The company said two of the wells drilled into the field were among the most prolific onshore gas wells in the United States since 2002. The Bonnie Ann 1 and South McLean B1 wells produced more than 50 million cubic feet of gas a day while the last well drilled there, called Laxson, is producing 65 million cubic feet a day.

The latest acquisition will add Leor's output of 75 million cubic feet a day and 56,300 acres of exploration lands in east Texas. EnCana, which produced 3.63 billion cubic feet of gas a day in the third quarter, expects the deal to immediately add to cash flow and be neutral to earnings.

"It's a great outcome. I think they're buying the best property in North America," said Guma Aguiar, Leor's chief executive.

The deal puts an exclamation point on an old-fashioned wildcat play that is the biggest find in Houston geologist John Amoruso's career.

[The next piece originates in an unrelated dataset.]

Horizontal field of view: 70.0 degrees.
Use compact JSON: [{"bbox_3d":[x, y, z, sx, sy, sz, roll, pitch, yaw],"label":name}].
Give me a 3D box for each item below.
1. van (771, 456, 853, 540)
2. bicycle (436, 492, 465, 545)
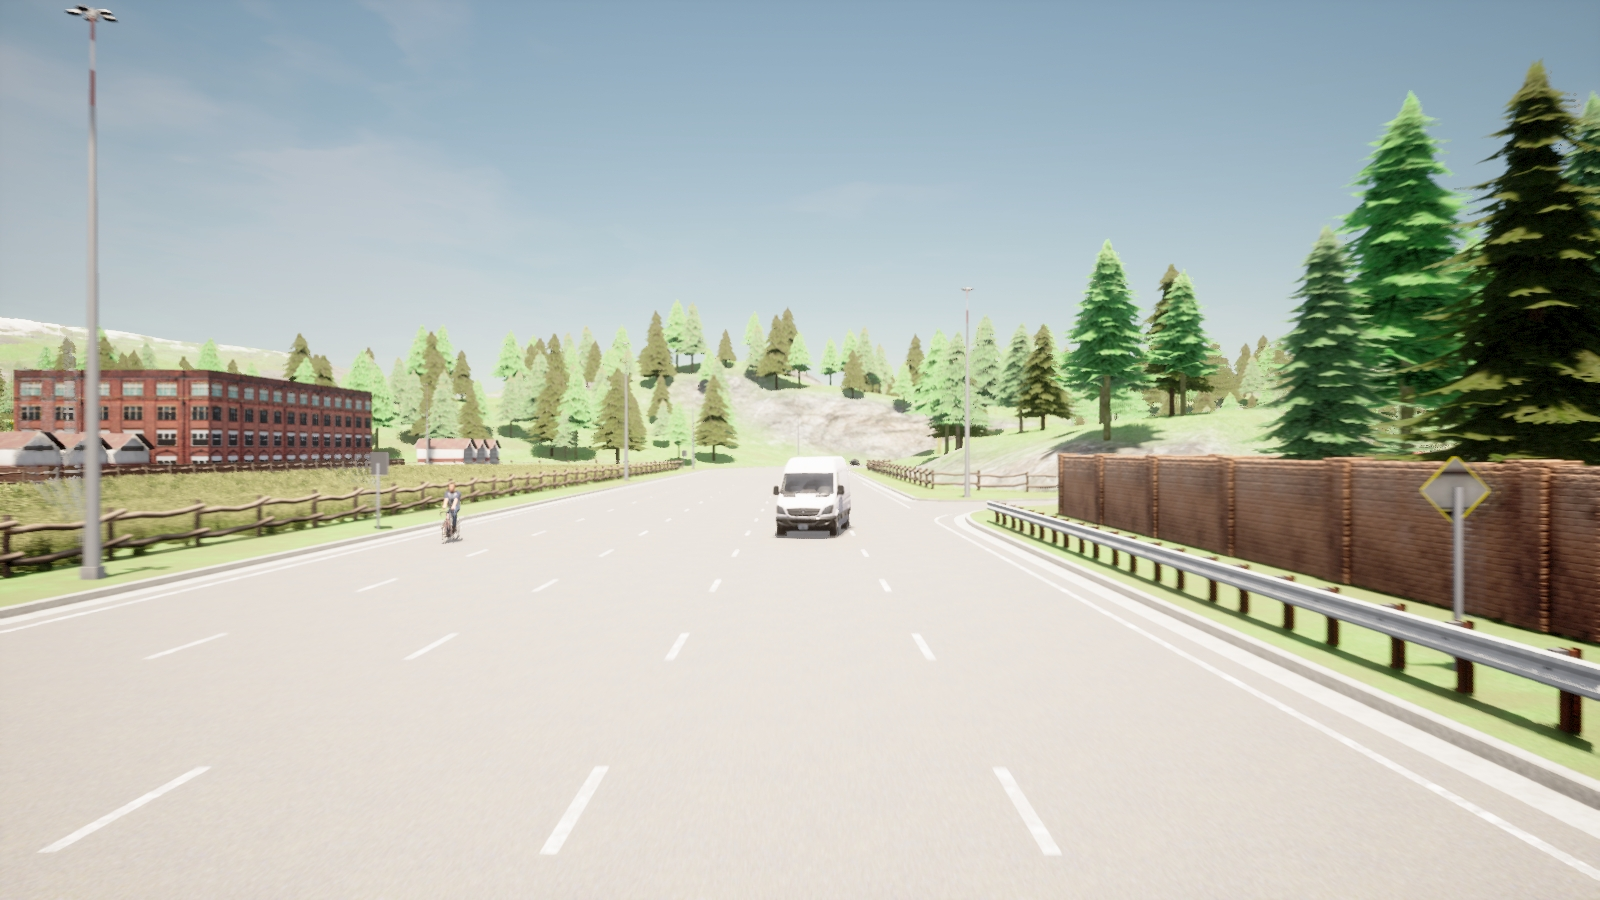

Amoruso theorized that 150 million years ago a river emptied into the sea in Robertson County and the result was gas 14,000 to 20,000 feet beneath the cow pastures of today.

The field is part of the Deep Bossier trend in east Texas, part of a play that produces about 1.4 billion cubic feet of gas a day. EnCana said production in the region is highly profitable because the play lies close to pipelines and gas trading hubs.

In total, EnCana expects the field to produce up to 3.3 trillion cubic feet, including the portion it already controls.

The acquisition is EnCana's largest purchase of gas assets since 2004, when it paid $2.7 billion for U.S. producer Tom Brown Inc.

As well, it's the first major deal the company has made since it threatened to cut $1 billion in spending in Alberta if the province raised royalty rates on oil and gas production.

Alberta did hike rates, but less than EnCana had feared, and Eresman said the purchase wasn't a response to the higher costs.

"It is a normal strategic event," he said. "This transaction has nothing to do with EnCana's future plans as they relate to the Alberta government's new royalty framework."

Shares of EnCana fell 79 Canadian cents, or 1.2 percent, to C$66.98 on the Toronto Stock Exchange amid a broad-based retreat by the market.

The acquisition is effective as of Oct. 1 and is expected to close by year-end.